I recalled as we read this passage that the following one was of particular significance, and kept an eye firmly trained upon the good doctor as he read.

January 7, 1896

Today I decided to make an attempt to break through the patient’s resistance by confronting her directly on one sensitive point that I have chosen to avoid completely until this point: the birth of her child. While obviously unconnected with the original trauma, the source of her troubles, I have reached a stage where I believe that any means must be used to break down the wall she opposes to any penetration into her inner mental life. I reflected at length before coming to this decision and choosing a strategy, and finally decided to ask her point-blank what she could remember of the birth itself.

As I had expected, she was sincerely shocked by
the question, and refused to discuss it in the most absolute terms. Alternating between attitudes of brutality and gentleness, a system that often produces excellent results, I admitted that her attitude was quite understandable, and amended my question to asking whether she actually possessed specific memories of the event itself, without requiring any description. She replied that she did not, as she had been plied with chloroform by the attending physician, and repeated that in any case she would not speak about this. Reverting to the direct approach, I asked her whether she did not wish to know what her child had become. She replied that she did, but that destiny had decided otherwise. I asked if she was even aware now of the child’s age, phrasing the question in a slightly provocative tone, as though to question whether the fact of her own motherhood held any importance for her.
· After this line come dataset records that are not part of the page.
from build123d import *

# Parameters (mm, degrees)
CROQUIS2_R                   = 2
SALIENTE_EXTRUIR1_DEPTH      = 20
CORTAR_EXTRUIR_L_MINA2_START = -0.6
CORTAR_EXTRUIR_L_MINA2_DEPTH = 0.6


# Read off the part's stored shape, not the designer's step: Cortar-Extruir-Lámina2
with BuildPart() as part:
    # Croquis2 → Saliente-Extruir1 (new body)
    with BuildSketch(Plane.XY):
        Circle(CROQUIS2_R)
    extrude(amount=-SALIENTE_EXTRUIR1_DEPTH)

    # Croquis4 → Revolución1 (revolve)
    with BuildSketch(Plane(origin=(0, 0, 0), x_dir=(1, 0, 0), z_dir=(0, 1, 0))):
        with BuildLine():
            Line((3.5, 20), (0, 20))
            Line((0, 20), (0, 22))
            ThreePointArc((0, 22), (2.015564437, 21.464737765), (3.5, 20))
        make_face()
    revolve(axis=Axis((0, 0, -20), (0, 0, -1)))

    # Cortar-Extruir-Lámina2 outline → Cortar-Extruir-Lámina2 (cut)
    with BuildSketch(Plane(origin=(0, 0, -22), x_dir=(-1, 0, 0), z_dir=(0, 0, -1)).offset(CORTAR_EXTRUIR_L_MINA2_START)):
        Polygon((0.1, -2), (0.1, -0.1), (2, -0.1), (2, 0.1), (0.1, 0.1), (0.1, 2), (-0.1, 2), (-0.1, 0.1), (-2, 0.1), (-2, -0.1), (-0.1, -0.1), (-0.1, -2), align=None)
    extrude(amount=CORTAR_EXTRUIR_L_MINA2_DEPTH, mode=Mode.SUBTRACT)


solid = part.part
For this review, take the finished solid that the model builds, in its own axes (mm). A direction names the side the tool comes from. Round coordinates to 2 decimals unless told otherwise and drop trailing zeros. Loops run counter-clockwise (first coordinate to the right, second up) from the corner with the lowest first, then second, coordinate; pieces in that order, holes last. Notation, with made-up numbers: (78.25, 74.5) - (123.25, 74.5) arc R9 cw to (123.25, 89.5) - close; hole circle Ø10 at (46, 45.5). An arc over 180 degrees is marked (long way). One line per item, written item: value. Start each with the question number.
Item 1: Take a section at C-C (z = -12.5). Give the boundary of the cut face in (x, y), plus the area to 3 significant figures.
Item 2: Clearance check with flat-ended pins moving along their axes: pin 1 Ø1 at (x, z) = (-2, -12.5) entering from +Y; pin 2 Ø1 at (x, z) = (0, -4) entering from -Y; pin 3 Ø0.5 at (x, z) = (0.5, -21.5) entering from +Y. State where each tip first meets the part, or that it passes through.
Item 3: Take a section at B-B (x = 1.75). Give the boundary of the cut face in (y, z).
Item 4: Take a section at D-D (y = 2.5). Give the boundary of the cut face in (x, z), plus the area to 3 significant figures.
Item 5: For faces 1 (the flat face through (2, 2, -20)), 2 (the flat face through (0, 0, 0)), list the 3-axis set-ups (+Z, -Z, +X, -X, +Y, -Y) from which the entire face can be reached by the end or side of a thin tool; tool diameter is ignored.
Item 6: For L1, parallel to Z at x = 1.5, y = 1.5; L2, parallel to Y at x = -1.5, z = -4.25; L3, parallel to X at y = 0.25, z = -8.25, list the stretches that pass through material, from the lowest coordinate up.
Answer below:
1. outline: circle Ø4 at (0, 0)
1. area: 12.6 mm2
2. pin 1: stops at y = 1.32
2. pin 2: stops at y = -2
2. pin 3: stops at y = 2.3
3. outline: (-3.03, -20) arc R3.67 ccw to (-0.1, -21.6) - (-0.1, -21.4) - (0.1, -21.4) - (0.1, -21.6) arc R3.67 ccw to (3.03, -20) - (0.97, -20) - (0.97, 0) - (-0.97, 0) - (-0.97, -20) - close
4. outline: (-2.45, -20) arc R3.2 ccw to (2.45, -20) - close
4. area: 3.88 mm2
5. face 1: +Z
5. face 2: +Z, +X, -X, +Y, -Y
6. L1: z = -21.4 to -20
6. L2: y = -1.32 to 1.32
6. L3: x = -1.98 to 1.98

She replied quietly that he had just passed his twenty-first birthday, but that it was quite useless my asking her any further information upon the subject, for none had been vouchsafed her and therefore she had none to provide.

I took this moment to explain to the patient that by the very nature of repression, unconnected pieces of repressed knowledge become associated with each other in the unconscious mind, and that by digging forth one such piece of which she had at least some conscious knowledge, I hoped to unearth the other, which was the initial cause of her malady. I said that it might be a painful procedure, analogous in some ways to the extraction of bad teeth, but was
unavoidable if a cure was to be effected. She replied that the project seemed reasonable, but that she had no knowledge on the subject of her child to share with me, repressed or otherwise. I responded that this was certainly untrue, for if nothing else, she must be aware of the identity of the father.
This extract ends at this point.